2024-04-15 アリゾナ大学
Pluto’s bright “heart” features prominently in this image taken by NASA’s New Horizons space probe on July 14, 2015. NASA/Johns Hopkins University Applied Physics Laboratory/Southwest Research Institute
<関連情報>
- https://news.arizona.edu/news/how-pluto-got-its-heart
- https://www.nature.com/articles/s41550-024-02248-1
海のない冥王星にある古代の岩石マスコンを示す衝突残骸としてのスプートニク・プラニティア Sputnik Planitia as an impactor remnant indicative of an ancient rocky mascon in an oceanless Pluto
Harry A. Ballantyne,Erik Asphaug,C. Adeene Denton,Alexandre Emsenhuber & Martin Jutzi
Nature Astronomy Published:15 April 2024
DOI:https://doi.org/10.1038/s41550-024-02248-1
Abstract
Pluto’s surface is dominated by the huge, pear-shaped basin Sputnik Planitia. It appears to be of impact origin, but modelling has not yet explained its peculiar geometry. We propose an impact mechanism that reproduces its topographic shape while also explaining its alignment near the Pluto–Charon axis.

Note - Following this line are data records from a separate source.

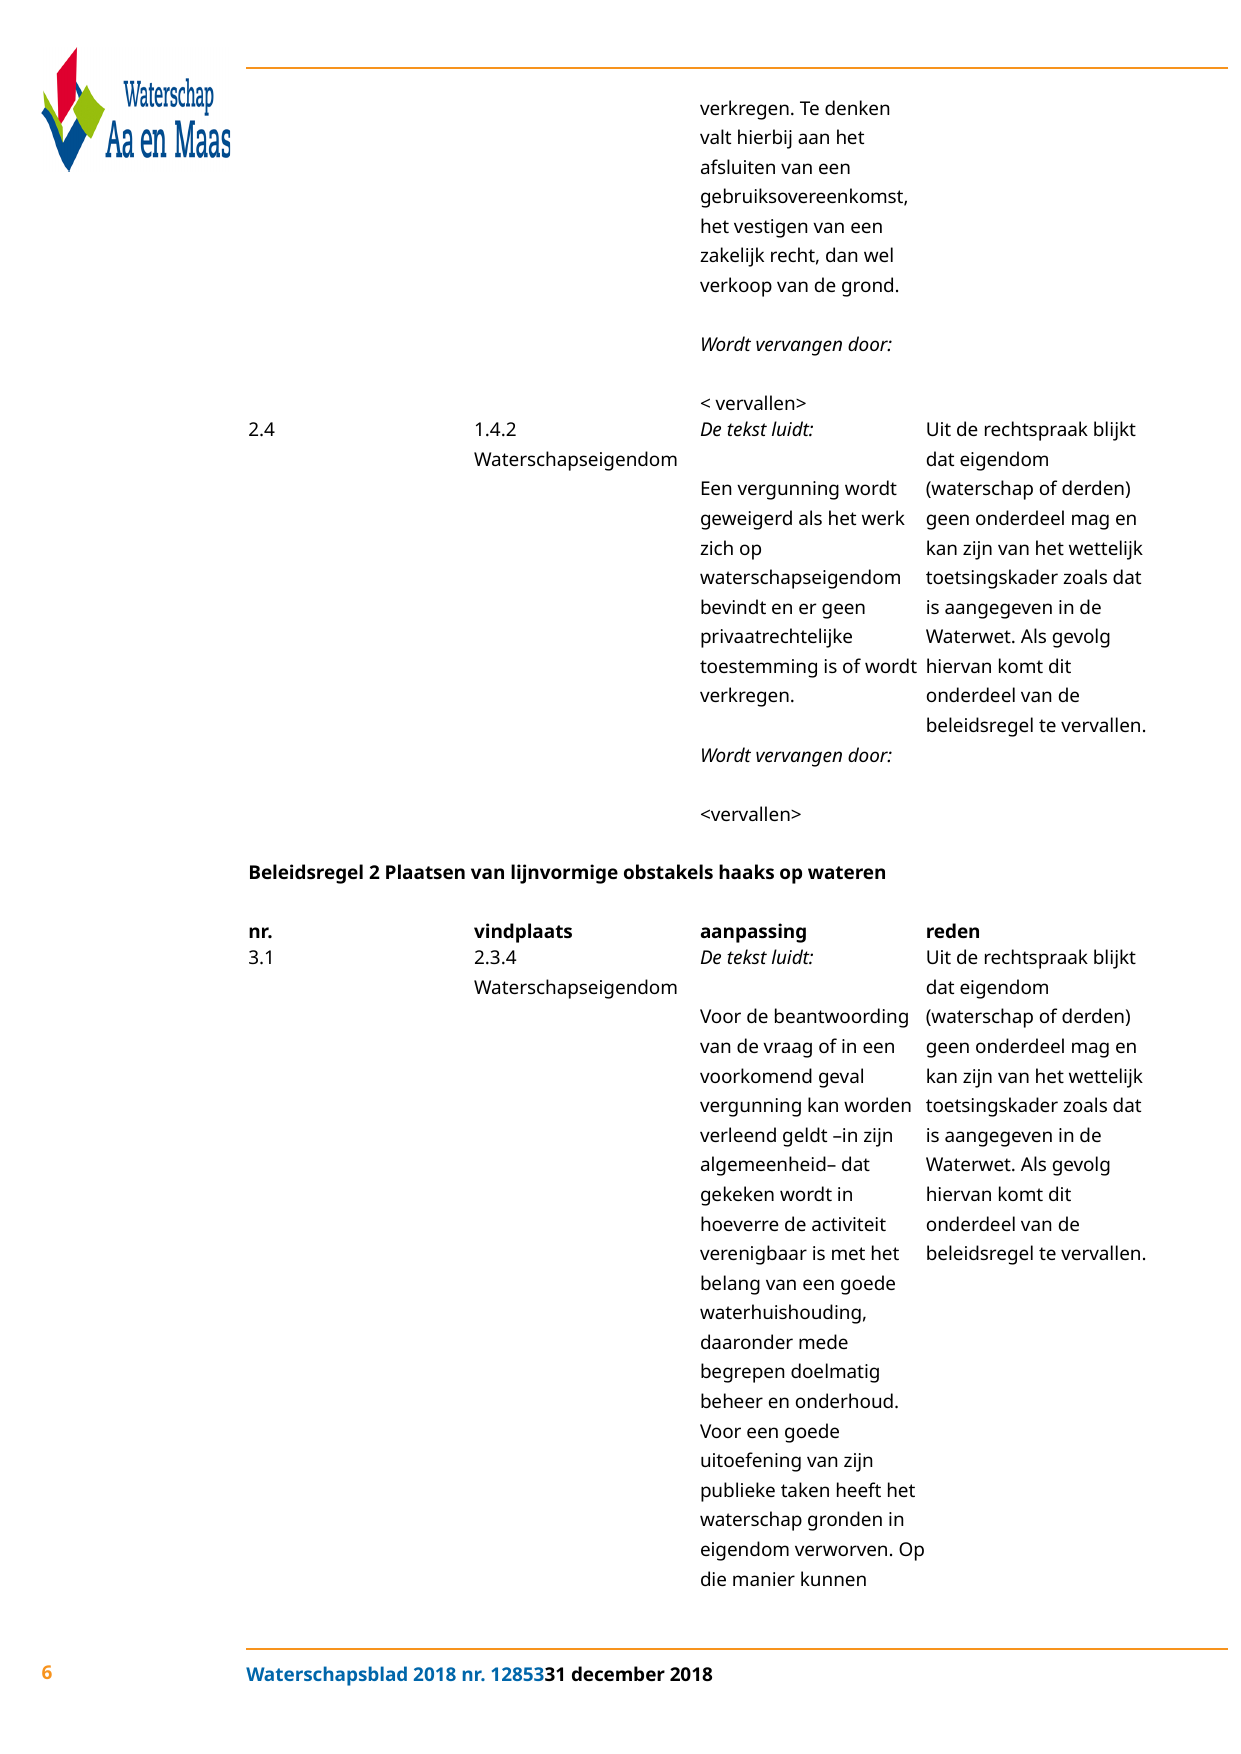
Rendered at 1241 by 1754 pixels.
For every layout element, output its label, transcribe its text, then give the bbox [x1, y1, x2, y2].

table_cell De tekst luidt: Voor de beantwoording van de vraag of in een voorkomend geval vergunning kan worden verleend geldt –in zijn algemeenheid– dat gekeken wordt in hoeverre de activiteit verenigbaar is met het belang van een goede waterhuishouding, daaronder mede begrepen doelmatig beheer en onderhoud. Voor een goede uitoefening van zijn publieke taken heeft het waterschap gronden in eigendom verworven. Op die manier kunnen [700, 945, 926, 1591]
text Beleidsregel 2 Plaatsen van lijnvormige obstakels haaks op wateren [248, 859, 1152, 885]
table_cell [248, 95, 474, 416]
table_cell 2.4 [248, 416, 474, 827]
table_cell Uit de rechtspraak blijkt dat eigendom (waterschap of derden) geen onderdeel mag en kan zijn van het wettelijk toetsingskader zoals dat is aangegeven in de Waterwet. Als gevolg hiervan komt dit onderdeel van de beleidsregel te vervallen. [926, 416, 1152, 827]
table_header aanpassing [700, 919, 926, 944]
table_header vindplaats [474, 919, 700, 944]
table_cell [474, 95, 700, 416]
table_header nr. [248, 919, 474, 944]
table_cell verkregen. Te denken valt hierbij aan het afsluiten van een gebruiksovereenkomst, het vestigen van een zakelijk recht, dan wel verkoop van de grond. Wordt vervangen door: < vervallen> [700, 95, 926, 416]
table_header reden [926, 919, 1152, 944]
picture [41, 47, 231, 172]
table_cell [926, 95, 1152, 416]
table_cell 3.1 [248, 945, 474, 1591]
table_cell Uit de rechtspraak blijkt dat eigendom (waterschap of derden) geen onderdeel mag en kan zijn van het wettelijk toetsingskader zoals dat is aangegeven in de Waterwet. Als gevolg hiervan komt dit onderdeel van de beleidsregel te vervallen. [926, 945, 1152, 1591]
table_cell 1.4.2 Waterschapseigendom [474, 416, 700, 827]
table_cell De tekst luidt: Een vergunning wordt geweigerd als het werk zich op waterschapseigendom bevindt en er geen privaatrechtelijke toestemming is of wordt verkregen. Wordt vervangen door: <vervallen> [700, 416, 926, 827]
table_cell 2.3.4 Waterschapseigendom [474, 945, 700, 1591]

Using three-dimensional hydrodynamic simulations to model realistic collisions, we provide a hypothesis that does not rely upon a cold, stiff crust atop a contrarily liquid ocean where a differentiated ~730 km ice–rock impactor collides at low-velocity into a subsolidus Pluto-like target. The result is a new geologic region dominated by impactor material, namely a basin that (in a 30° collision) closely reproduces the morphology of Sputnik Planitia, and a captured rocky impactor core that has penetrated the ice to accrete as a substantial, strength-supported mascon. This provides an alternative explanation for Sputnik Planitia’s equatorial alignment and illustrates a regime in which strength effects, in low-velocity collisions between trans-Neptunian objects, lead to impactor-dominated regions on the surface and at depth.